* **Exercise details**
State how many lines in the listing below include the word "kind". Give nothing but the number.

* **Record set**
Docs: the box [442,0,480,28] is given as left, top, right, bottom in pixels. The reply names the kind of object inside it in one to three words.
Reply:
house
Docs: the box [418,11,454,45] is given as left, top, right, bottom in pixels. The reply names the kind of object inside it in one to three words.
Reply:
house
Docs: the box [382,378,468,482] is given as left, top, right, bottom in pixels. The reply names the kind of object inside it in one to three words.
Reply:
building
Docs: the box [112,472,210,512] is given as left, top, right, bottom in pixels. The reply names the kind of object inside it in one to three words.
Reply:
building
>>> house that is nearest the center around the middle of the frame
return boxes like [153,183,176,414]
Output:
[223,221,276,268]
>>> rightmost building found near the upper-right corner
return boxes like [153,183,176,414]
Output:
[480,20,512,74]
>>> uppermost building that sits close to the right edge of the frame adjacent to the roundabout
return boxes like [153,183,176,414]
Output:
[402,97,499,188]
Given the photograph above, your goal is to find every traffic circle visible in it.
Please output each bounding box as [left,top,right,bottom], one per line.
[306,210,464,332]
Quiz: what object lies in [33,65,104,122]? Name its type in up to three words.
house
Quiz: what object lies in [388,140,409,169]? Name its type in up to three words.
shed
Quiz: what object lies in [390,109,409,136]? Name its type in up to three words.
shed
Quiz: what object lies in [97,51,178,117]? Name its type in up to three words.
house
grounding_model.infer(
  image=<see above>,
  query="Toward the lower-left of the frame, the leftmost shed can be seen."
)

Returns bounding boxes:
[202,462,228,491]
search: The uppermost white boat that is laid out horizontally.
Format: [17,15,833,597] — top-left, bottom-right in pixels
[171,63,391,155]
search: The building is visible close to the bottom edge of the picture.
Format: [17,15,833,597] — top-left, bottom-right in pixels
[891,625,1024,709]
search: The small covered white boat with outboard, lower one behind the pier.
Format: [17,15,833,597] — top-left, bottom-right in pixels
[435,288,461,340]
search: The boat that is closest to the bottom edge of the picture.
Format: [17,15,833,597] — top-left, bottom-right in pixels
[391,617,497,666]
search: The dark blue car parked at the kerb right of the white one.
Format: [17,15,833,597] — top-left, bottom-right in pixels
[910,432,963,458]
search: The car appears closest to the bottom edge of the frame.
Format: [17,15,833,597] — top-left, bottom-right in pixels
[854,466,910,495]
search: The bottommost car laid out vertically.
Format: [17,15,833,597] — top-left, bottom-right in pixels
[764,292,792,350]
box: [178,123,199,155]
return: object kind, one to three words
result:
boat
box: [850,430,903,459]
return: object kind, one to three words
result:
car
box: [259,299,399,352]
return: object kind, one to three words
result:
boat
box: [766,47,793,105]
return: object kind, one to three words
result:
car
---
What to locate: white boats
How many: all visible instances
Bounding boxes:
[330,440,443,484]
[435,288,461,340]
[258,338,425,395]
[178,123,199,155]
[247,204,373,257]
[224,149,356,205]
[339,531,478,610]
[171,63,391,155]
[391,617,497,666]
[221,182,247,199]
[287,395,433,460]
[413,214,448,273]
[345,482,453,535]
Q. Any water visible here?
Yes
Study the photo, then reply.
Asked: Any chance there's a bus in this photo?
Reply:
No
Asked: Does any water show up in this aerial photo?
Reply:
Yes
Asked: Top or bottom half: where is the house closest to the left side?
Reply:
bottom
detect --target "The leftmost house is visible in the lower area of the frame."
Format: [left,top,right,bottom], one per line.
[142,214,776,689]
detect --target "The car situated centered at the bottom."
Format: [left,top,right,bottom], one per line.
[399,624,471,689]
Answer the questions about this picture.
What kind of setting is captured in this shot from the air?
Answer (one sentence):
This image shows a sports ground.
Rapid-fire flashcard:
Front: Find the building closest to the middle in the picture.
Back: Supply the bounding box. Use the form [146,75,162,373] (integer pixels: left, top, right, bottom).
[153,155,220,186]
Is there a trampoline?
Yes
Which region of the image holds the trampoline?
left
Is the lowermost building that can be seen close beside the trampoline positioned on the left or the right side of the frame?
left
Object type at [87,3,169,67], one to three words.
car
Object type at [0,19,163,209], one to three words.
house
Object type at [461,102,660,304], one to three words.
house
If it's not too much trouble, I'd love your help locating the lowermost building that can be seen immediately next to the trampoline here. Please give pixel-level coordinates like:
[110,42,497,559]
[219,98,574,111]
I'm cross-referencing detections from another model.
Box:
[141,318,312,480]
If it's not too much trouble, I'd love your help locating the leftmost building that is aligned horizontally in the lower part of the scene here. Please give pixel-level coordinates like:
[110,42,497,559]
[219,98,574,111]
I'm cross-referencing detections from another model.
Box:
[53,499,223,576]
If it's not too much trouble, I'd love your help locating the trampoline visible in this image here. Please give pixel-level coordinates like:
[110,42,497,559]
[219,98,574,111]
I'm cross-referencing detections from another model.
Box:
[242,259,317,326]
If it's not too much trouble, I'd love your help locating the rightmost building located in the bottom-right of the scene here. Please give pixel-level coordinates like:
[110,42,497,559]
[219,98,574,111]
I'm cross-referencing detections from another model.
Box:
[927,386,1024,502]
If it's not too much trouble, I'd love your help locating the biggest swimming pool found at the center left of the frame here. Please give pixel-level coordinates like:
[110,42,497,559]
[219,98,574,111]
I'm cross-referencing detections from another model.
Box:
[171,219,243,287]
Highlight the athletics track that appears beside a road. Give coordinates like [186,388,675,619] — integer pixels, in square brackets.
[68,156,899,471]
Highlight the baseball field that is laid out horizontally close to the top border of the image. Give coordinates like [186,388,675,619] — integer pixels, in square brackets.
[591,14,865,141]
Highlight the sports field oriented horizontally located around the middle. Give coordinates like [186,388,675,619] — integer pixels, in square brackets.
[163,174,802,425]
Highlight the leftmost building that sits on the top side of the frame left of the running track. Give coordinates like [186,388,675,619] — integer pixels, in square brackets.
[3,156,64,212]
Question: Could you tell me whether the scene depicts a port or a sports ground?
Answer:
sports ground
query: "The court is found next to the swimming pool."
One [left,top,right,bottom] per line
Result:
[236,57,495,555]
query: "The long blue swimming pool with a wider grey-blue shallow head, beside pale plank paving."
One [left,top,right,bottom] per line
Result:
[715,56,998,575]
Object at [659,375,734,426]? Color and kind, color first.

* **Answer area**
10